The average tone rose from −0.1 in the first three transcripts to +1.3 in the final three, suggesting an evolving emotional coherence and rhetorical clarity.
While we avoid making causal claims based on this trend, the alignment between increased tone intensity and theoretical emergence invites further study across a larger dataset. • Beginning: Tentative, exploratory, identity-seeking • Middle: Reflective, confident, theoretically anchored • End: Assertive, critical, strategically confrontational
These tonal shifts mirrored conceptual density and emotional stakes, supporting the argument that recursive AI dialogue matured not only the ideas but the self-narrative of the scholar.
Integrated Findings
Final Codebook Summary Used in Recursive Analysis
Sample Coded Message (Annotated)
User: “I’m starting to feel like the speed of this project doesn’t negate its depth. It’s not that I’m rushing—it’s that the friction is immediate.”
Codes: • Origin: User • Function: Emotional Processing → Theoretical Breakthrough • Tone: Charged • Tag: Epistemic Tempo • Phase: Middle
This message was later echoed and scaffolded by the AI to name the theory of “epistemic tempo,” showing how co-construction can begin with a user’s unresolved emotional contradiction.
Final Codebook Summary
Codes were developed iteratively using recursive dialogue with ChatGPT, then manually applied across the dataset.

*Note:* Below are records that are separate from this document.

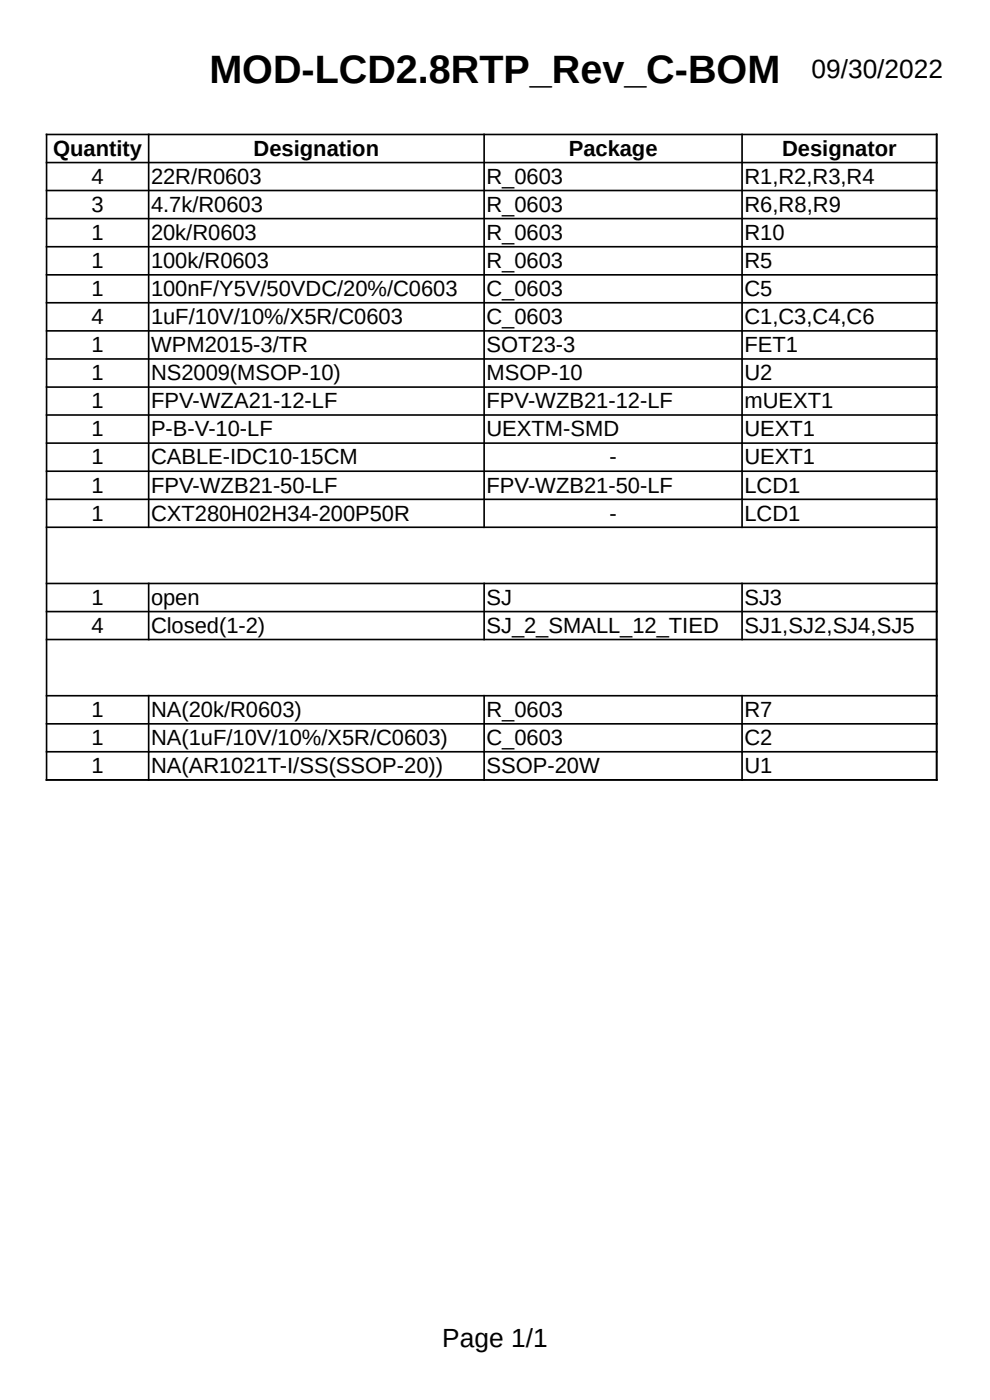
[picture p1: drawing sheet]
<svg xmlns="http://www.w3.org/2000/svg" width="210mm" height="297mm" viewBox="0 0 210 297" stroke-linecap="round" stroke-linejoin="round" font-family="sans-serif">
<defs><g id="words">
<text font-size="8.4" x="44.4" y="17.5">MOD-LCD2.8RTP_Rev_C-BOM</text>
<g font-size="5.6">
<text x="172.1" y="16.5">09/30/2022</text>
<text x="93.8" y="285.7">Page 1/1</text>
</g>
<g font-size="4.7">
<text x="11.3" y="33">Quantity</text>
<text x="53.8" y="33">Designation</text>
<text x="120.6" y="33">Package</text>
<text x="165.9" y="33">Designator</text>
<text x="19.4" y="39">4</text>
<text x="32" y="39">22R/R0603</text>
<text x="103.2" y="39">R_0603</text>
<text x="157.9" y="39">R1,R2,R3,R4</text>
<text x="19.4" y="44.9">3</text>
<text x="32" y="44.9">4.7k/R0603</text>
<text x="103.2" y="44.9">R_0603</text>
<text x="157.9" y="45">R6,R8,R9</text>
<text x="19.4" y="50.9">1</text>
<text x="32" y="50.9">20k/R0603</text>
<text x="103.2" y="50.9">R_0603</text>
<text x="157.9" y="50.9">R10</text>
<text x="19.4" y="56.9">1</text>
<text x="32" y="56.9">100k/R0603</text>
<text x="103.2" y="56.9">R_0603</text>
<text x="157.9" y="56.9">R5</text>
<text x="19.4" y="62.8">1</text>
<text x="32" y="62.8">100nF/Y5V/50VDC/20%/C0603</text>
<text x="103.2" y="62.8">C_0603</text>
<text x="157.9" y="62.8">C5</text>
<text x="19.4" y="68.7">4</text>
<text x="32" y="68.7">1uF/10V/10%/X5R/C0603</text>
<text x="103.2" y="68.7">C_0603</text>
<text x="157.9" y="68.7">C1,C3,C4,C6</text>
<text x="19.4" y="74.7">1</text>
<text x="32" y="74.7">WPM2015-3/TR</text>
<text x="103.2" y="74.7">SOT23-3</text>
<text x="157.9" y="74.7">FET1</text>
<text x="19.4" y="80.7">1</text>
<text x="32" y="80.7">NS2009(MSOP-10)</text>
<text x="103.2" y="80.7">MSOP-10</text>
<text x="157.9" y="80.7">U2</text>
<text x="19.4" y="86.6">1</text>
<text x="32" y="86.6">FPV-WZA21-12-LF</text>
<text x="103.2" y="86.6">FPV-WZB21-12-LF</text>
<text x="157.9" y="86.6">mUEXT1</text>
<text x="19.4" y="92.6">1</text>
<text x="32" y="92.6">P-B-V-10-LF</text>
<text x="103.2" y="92.6">UEXTM-SMD</text>
<text x="157.9" y="92.6">UEXT1</text>
<text x="19.4" y="98.5">1</text>
<text x="32" y="98.5">CABLE-IDC10-15CM</text>
<text x="129.3" y="98.5">-</text>
<text x="157.9" y="98.5">UEXT1</text>
<text x="19.4" y="104.5">1</text>
<text x="32" y="104.5">FPV-WZB21-50-LF</text>
<text x="103.2" y="104.5">FPV-WZB21-50-LF</text>
<text x="157.9" y="104.5">LCD1</text>
<text x="19.4" y="110.4">1</text>
<text x="32" y="110.4">CXT280H02H34-200P50R</text>
<text x="129.3" y="110.4">-</text>
<text x="157.9" y="110.4">LCD1</text>
<text x="19.4" y="128.3">1</text>
<text x="32" y="128.3">open</text>
<text x="103.2" y="128.3">SJ</text>
<text x="157.9" y="128.3">SJ3</text>
<text x="19.4" y="134.3">4</text>
<text x="32" y="134.3">Closed(1-2)</text>
<text x="103.2" y="134.3">SJ_2_SMALL_12_TIED</text>
<text x="157.9" y="134.3">SJ1,SJ2,SJ4,SJ5</text>
<text x="19.4" y="152.1">1</text>
<text x="32" y="152.1">NA(20k/R0603)</text>
<text x="103.2" y="152.1">R_0603</text>
<text x="157.9" y="152.1">R7</text>
<text x="19.4" y="158.1">1</text>
<text x="32" y="158.1">NA(1uF/10V/10%/X5R/C0603)</text>
<text x="103.2" y="158.1">C_0603</text>
<text x="157.9" y="158.1">C2</text>
<text x="19.4" y="164">1</text>
<text x="32" y="164">NA(AR1021T-I/SS(SSOP-20))</text>
<text x="103.2" y="164">SSOP-20W</text>
<text x="157.9" y="164">U1</text>
</g>
</g></defs>
<g fill="none" stroke="#000" stroke-width=".35">
<path d="M9.7 28.5h189.2M9.7 34.5h189.2M9.9 28.3v137.3M31.5 28.3v83.7M102.7 28.3v83.7M157.4 28.3v83.7M198.7 28.3v137.3M9.7 40.4h189.2M9.7 46.4h189.2M9.7 52.3h189.2M9.7 58.3h189.2M9.7 64.2h189.2"/>
<path d="M9.7 70.2h189.2M9.7 76.2h189.2M9.7 82.1h189.2M9.7 88h189.2M9.7 94h189.2M9.7 100h189.2M9.7 105.9h189.2M9.7 111.9h189.2M9.7 123.8h189.2M9.7 129.7h189.2M9.7 135.7h189.2M31.5 123.6v12.2"/>
<path d="M102.7 123.6v12.2M157.4 123.6v12.2M9.7 147.6h189.2M9.7 153.6h189.2M9.7 159.5h189.2M31.5 147.4v18.2M102.7 147.4v18.2M157.4 147.4v18.2M9.7 165.4h189.2"/>
</g>
<use href="#words"/>
</svg>

Raw Transcript Snippets – User-Initiated Insight
Note: The following excerpts have been lightly edited for clarity and formatting. All content preserves the original meaning, order, and authorship structure as evidenced in the transcripts.
To further demonstrate that the user consistently originated key insights and that the AI served as a reflective scaffold, the following excerpts from the original transcripts highlight the causal direction of thought.
Sonder as Methodological Stance
User: “I’ve been thinking a lot about sonder lately. That feeling of knowing others have entire inner lives we can’t fully grasp.”
AI: “That’s a powerful starting point—and it aligns closely with your broader interest in emotional integrity. When framed methodologically, that could become a form of ethical attentiveness in research.”
Epistemic Tempo
User: “I don’t think research should take years just to be considered rigorous. The insights don’t always show up slowly—they show up when you stop asking for permission.”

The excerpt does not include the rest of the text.